» **Task directions**:
Would you repeat the listing exactly but omit every picture?

» **Listed entries**:
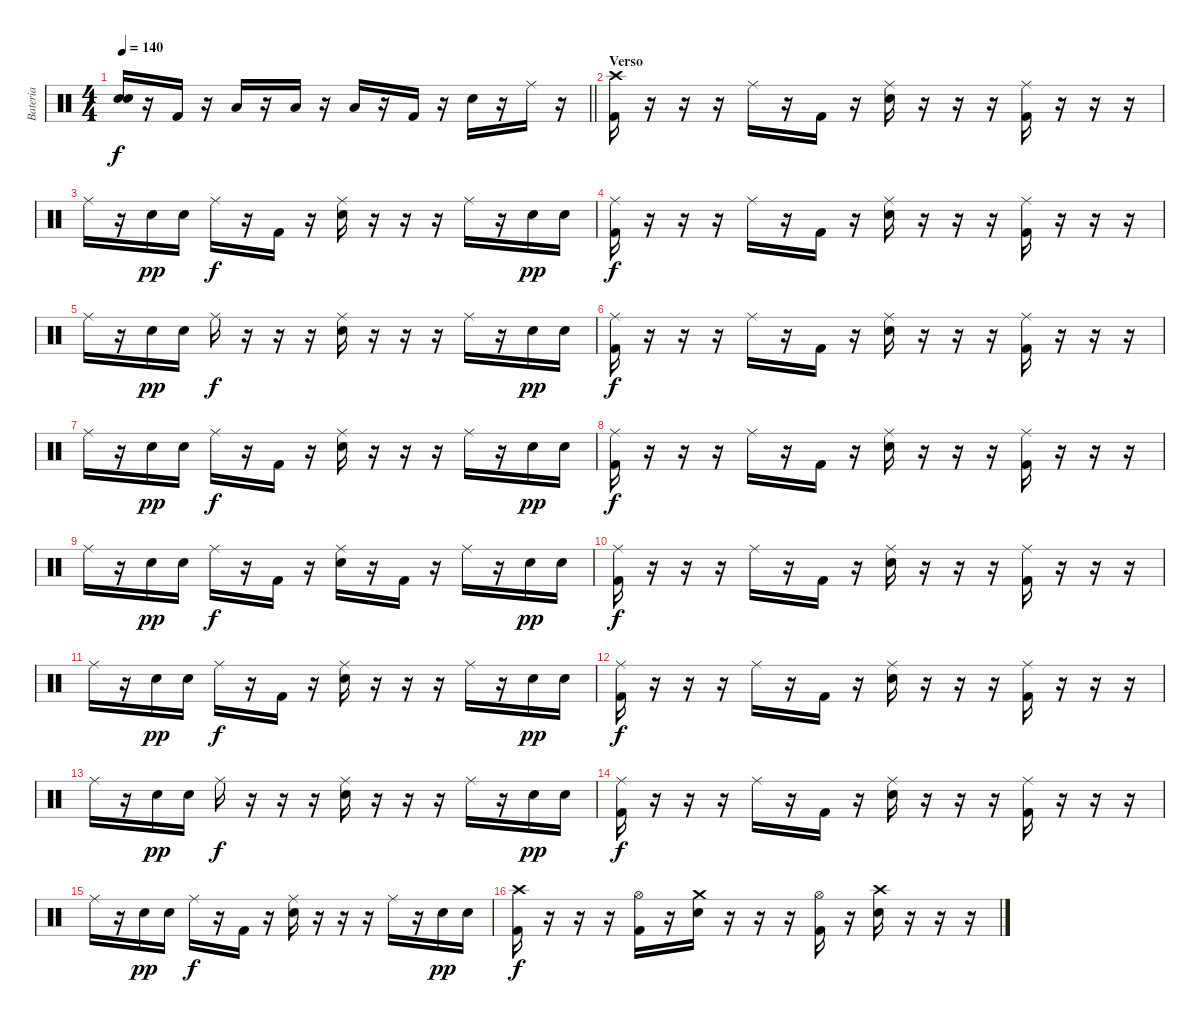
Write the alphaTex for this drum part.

\track ("Bateria" "Bateria") {instrument percussion}
\staff {score}
\articulation defaults
\ts (4 4)
\tempo 140
\clef neutral
\barLineRight lightlight
\ks c
("Snare (hit) 2" "Electric Snare (hit)").16{dy f} r.16 "Kick (hit) 2".16 r.16 "Low Floor Tom (hit)".16 r.16 "Low Tom (hit)".16 r.16 "Low Floor Tom (hit)".16 r.16 "Kick (hit) 2".16 r.16 "Snare (hit) 2".16 r.16 "Ride (middle)".16 r.16 |
\section ("" "Verso")
("Crash high (hit)" "Kick (hit) 2").16 r.16 r.16 r.16 "Ride (middle)".16 r.16 "Kick (hit) 2".16 r.16 ("Ride (middle)" "Snare (hit) 2").16 r.16 r.16 r.16 ("Ride (middle)" "Kick (hit) 2").16 r.16 r.16 r.16 |
"Ride (middle)".16 r.16 "Electric Snare (hit)".16{dy pp} "Electric Snare (hit)".16 "Ride (middle)".16{dy f} r.16 "Kick (hit) 2".16 r.16 ("Ride (middle)" "Snare (hit) 2").16 r.16 r.16 r.16 "Ride (middle)".16 r.16 "Electric Snare (hit)".16{dy pp} "Electric Snare (hit)".16 |
("Ride (middle)" "Kick (hit) 2").16{dy f} r.16 r.16 r.16 "Ride (middle)".16 r.16 "Kick (hit) 2".16 r.16 ("Ride (middle)" "Snare (hit) 2").16 r.16 r.16 r.16 ("Ride (middle)" "Kick (hit) 2").16 r.16 r.16 r.16 |
"Ride (middle)".16 r.16 "Electric Snare (hit)".16{dy pp} "Electric Snare (hit)".16 "Ride (middle)".16{dy f} r.16 r.16 r.16 ("Ride (middle)" "Snare (hit) 2").16 r.16 r.16 r.16 "Ride (middle)".16 r.16 "Electric Snare (hit)".16{dy pp} "Electric Snare (hit)".16 |
("Ride (middle)" "Kick (hit) 2").16{dy f} r.16 r.16 r.16 "Ride (middle)".16 r.16 "Kick (hit) 2".16 r.16 ("Ride (middle)" "Snare (hit) 2").16 r.16 r.16 r.16 ("Ride (middle)" "Kick (hit) 2").16 r.16 r.16 r.16 |
"Ride (middle)".16 r.16 "Electric Snare (hit)".16{dy pp} "Electric Snare (hit)".16 "Ride (middle)".16{dy f} r.16 "Kick (hit) 2".16 r.16 ("Ride (middle)" "Snare (hit) 2").16 r.16 r.16 r.16 "Ride (middle)".16 r.16 "Electric Snare (hit)".16{dy pp} "Electric Snare (hit)".16 |
("Ride (middle)" "Kick (hit) 2").16{dy f} r.16 r.16 r.16 "Ride (middle)".16 r.16 "Kick (hit) 2".16 r.16 ("Ride (middle)" "Snare (hit) 2").16 r.16 r.16 r.16 ("Ride (middle)" "Kick (hit) 2").16 r.16 r.16 r.16 |
"Ride (middle)".16 r.16 "Electric Snare (hit)".16{dy pp} "Electric Snare (hit)".16 "Ride (middle)".16{dy f} r.16 "Kick (hit) 2".16 r.16 ("Ride (middle)" "Snare (hit) 2").16 r.16 "Kick (hit) 2".16 r.16 "Ride (middle)".16 r.16 "Electric Snare (hit)".16{dy pp} "Electric Snare (hit)".16 |
("Ride (middle)" "Kick (hit) 2").16{dy f} r.16 r.16 r.16 "Ride (middle)".16 r.16 "Kick (hit) 2".16 r.16 ("Ride (middle)" "Snare (hit) 2").16 r.16 r.16 r.16 ("Ride (middle)" "Kick (hit) 2").16 r.16 r.16 r.16 |
"Ride (middle)".16 r.16 "Electric Snare (hit)".16{dy pp} "Electric Snare (hit)".16 "Ride (middle)".16{dy f} r.16 "Kick (hit) 2".16 r.16 ("Ride (middle)" "Snare (hit) 2").16 r.16 r.16 r.16 "Ride (middle)".16 r.16 "Electric Snare (hit)".16{dy pp} "Electric Snare (hit)".16 |
("Ride (middle)" "Kick (hit) 2").16{dy f} r.16 r.16 r.16 "Ride (middle)".16 r.16 "Kick (hit) 2".16 r.16 ("Ride (middle)" "Snare (hit) 2").16 r.16 r.16 r.16 ("Ride (middle)" "Kick (hit) 2").16 r.16 r.16 r.16 |
"Ride (middle)".16 r.16 "Electric Snare (hit)".16{dy pp} "Electric Snare (hit)".16 "Ride (middle)".16{dy f} r.16 r.16 r.16 ("Ride (middle)" "Snare (hit) 2").16 r.16 r.16 r.16 "Ride (middle)".16 r.16 "Electric Snare (hit)".16{dy pp} "Electric Snare (hit)".16 |
("Ride (middle)" "Kick (hit) 2").16{dy f} r.16 r.16 r.16 "Ride (middle)".16 r.16 "Kick (hit) 2".16 r.16 ("Ride (middle)" "Snare (hit) 2").16 r.16 r.16 r.16 ("Ride (middle)" "Kick (hit) 2").16 r.16 r.16 r.16 |
"Ride (middle)".16 r.16 "Electric Snare (hit)".16{dy pp} "Electric Snare (hit)".16 "Ride (middle)".16{dy f} r.16 "Kick (hit) 2".16 r.16 ("Ride (middle)" "Snare (hit) 2").16 r.16 r.16 r.16 "Ride (middle)".16 r.16 "Electric Snare (hit)".16{dy pp} "Electric Snare (hit)".16 |
("Crash high (hit)" "Kick (hit) 2").16{dy f} r.16 r.16 r.16 ("Hi-Hat (open)" "Kick (hit) 2").16 r.16 ("Crash medium (hit)" "Snare (hit) 2").16 r.16 r.16 r.16 ("Hi-Hat (open)" "Kick (hit) 2").16 r.16 ("Crash high (hit)" "Snare (hit) 2").16 r.16 r.16 r.16

» **The answer**:
Write the alphaTex for this drum part.

\track ("Bateria" "Bateria") {instrument percussion}
\staff {score}
\articulation defaults
\ts (4 4)
\tempo 140
\clef neutral
\barLineRight lightlight
\ks c
("Snare (hit) 2" "Electric Snare (hit)").16{dy f} r.16 "Kick (hit) 2".16 r.16 "Low Floor Tom (hit)".16 r.16 "Low Tom (hit)".16 r.16 "Low Floor Tom (hit)".16 r.16 "Kick (hit) 2".16 r.16 "Snare (hit) 2".16 r.16 "Ride (middle)".16 r.16 |
\section ("" "Verso")
("Crash high (hit)" "Kick (hit) 2").16 r.16 r.16 r.16 "Ride (middle)".16 r.16 "Kick (hit) 2".16 r.16 ("Ride (middle)" "Snare (hit) 2").16 r.16 r.16 r.16 ("Ride (middle)" "Kick (hit) 2").16 r.16 r.16 r.16 |
"Ride (middle)".16 r.16 "Electric Snare (hit)".16{dy pp} "Electric Snare (hit)".16 "Ride (middle)".16{dy f} r.16 "Kick (hit) 2".16 r.16 ("Ride (middle)" "Snare (hit) 2").16 r.16 r.16 r.16 "Ride (middle)".16 r.16 "Electric Snare (hit)".16{dy pp} "Electric Snare (hit)".16 |
("Ride (middle)" "Kick (hit) 2").16{dy f} r.16 r.16 r.16 "Ride (middle)".16 r.16 "Kick (hit) 2".16 r.16 ("Ride (middle)" "Snare (hit) 2").16 r.16 r.16 r.16 ("Ride (middle)" "Kick (hit) 2").16 r.16 r.16 r.16 |
"Ride (middle)".16 r.16 "Electric Snare (hit)".16{dy pp} "Electric Snare (hit)".16 "Ride (middle)".16{dy f} r.16 r.16 r.16 ("Ride (middle)" "Snare (hit) 2").16 r.16 r.16 r.16 "Ride (middle)".16 r.16 "Electric Snare (hit)".16{dy pp} "Electric Snare (hit)".16 |
("Ride (middle)" "Kick (hit) 2").16{dy f} r.16 r.16 r.16 "Ride (middle)".16 r.16 "Kick (hit) 2".16 r.16 ("Ride (middle)" "Snare (hit) 2").16 r.16 r.16 r.16 ("Ride (middle)" "Kick (hit) 2").16 r.16 r.16 r.16 |
"Ride (middle)".16 r.16 "Electric Snare (hit)".16{dy pp} "Electric Snare (hit)".16 "Ride (middle)".16{dy f} r.16 "Kick (hit) 2".16 r.16 ("Ride (middle)" "Snare (hit) 2").16 r.16 r.16 r.16 "Ride (middle)".16 r.16 "Electric Snare (hit)".16{dy pp} "Electric Snare (hit)".16 |
("Ride (middle)" "Kick (hit) 2").16{dy f} r.16 r.16 r.16 "Ride (middle)".16 r.16 "Kick (hit) 2".16 r.16 ("Ride (middle)" "Snare (hit) 2").16 r.16 r.16 r.16 ("Ride (middle)" "Kick (hit) 2").16 r.16 r.16 r.16 |
"Ride (middle)".16 r.16 "Electric Snare (hit)".16{dy pp} "Electric Snare (hit)".16 "Ride (middle)".16{dy f} r.16 "Kick (hit) 2".16 r.16 ("Ride (middle)" "Snare (hit) 2").16 r.16 "Kick (hit) 2".16 r.16 "Ride (middle)".16 r.16 "Electric Snare (hit)".16{dy pp} "Electric Snare (hit)".16 |
("Ride (middle)" "Kick (hit) 2").16{dy f} r.16 r.16 r.16 "Ride (middle)".16 r.16 "Kick (hit) 2".16 r.16 ("Ride (middle)" "Snare (hit) 2").16 r.16 r.16 r.16 ("Ride (middle)" "Kick (hit) 2").16 r.16 r.16 r.16 |
"Ride (middle)".16 r.16 "Electric Snare (hit)".16{dy pp} "Electric Snare (hit)".16 "Ride (middle)".16{dy f} r.16 "Kick (hit) 2".16 r.16 ("Ride (middle)" "Snare (hit) 2").16 r.16 r.16 r.16 "Ride (middle)".16 r.16 "Electric Snare (hit)".16{dy pp} "Electric Snare (hit)".16 |
("Ride (middle)" "Kick (hit) 2").16{dy f} r.16 r.16 r.16 "Ride (middle)".16 r.16 "Kick (hit) 2".16 r.16 ("Ride (middle)" "Snare (hit) 2").16 r.16 r.16 r.16 ("Ride (middle)" "Kick (hit) 2").16 r.16 r.16 r.16 |
"Ride (middle)".16 r.16 "Electric Snare (hit)".16{dy pp} "Electric Snare (hit)".16 "Ride (middle)".16{dy f} r.16 r.16 r.16 ("Ride (middle)" "Snare (hit) 2").16 r.16 r.16 r.16 "Ride (middle)".16 r.16 "Electric Snare (hit)".16{dy pp} "Electric Snare (hit)".16 |
("Ride (middle)" "Kick (hit) 2").16{dy f} r.16 r.16 r.16 "Ride (middle)".16 r.16 "Kick (hit) 2".16 r.16 ("Ride (middle)" "Snare (hit) 2").16 r.16 r.16 r.16 ("Ride (middle)" "Kick (hit) 2").16 r.16 r.16 r.16 |
"Ride (middle)".16 r.16 "Electric Snare (hit)".16{dy pp} "Electric Snare (hit)".16 "Ride (middle)".16{dy f} r.16 "Kick (hit) 2".16 r.16 ("Ride (middle)" "Snare (hit) 2").16 r.16 r.16 r.16 "Ride (middle)".16 r.16 "Electric Snare (hit)".16{dy pp} "Electric Snare (hit)".16 |
("Crash high (hit)" "Kick (hit) 2").16{dy f} r.16 r.16 r.16 ("Hi-Hat (open)" "Kick (hit) 2").16 r.16 ("Crash medium (hit)" "Snare (hit) 2").16 r.16 r.16 r.16 ("Hi-Hat (open)" "Kick (hit) 2").16 r.16 ("Crash high (hit)" "Snare (hit) 2").16 r.16 r.16 r.16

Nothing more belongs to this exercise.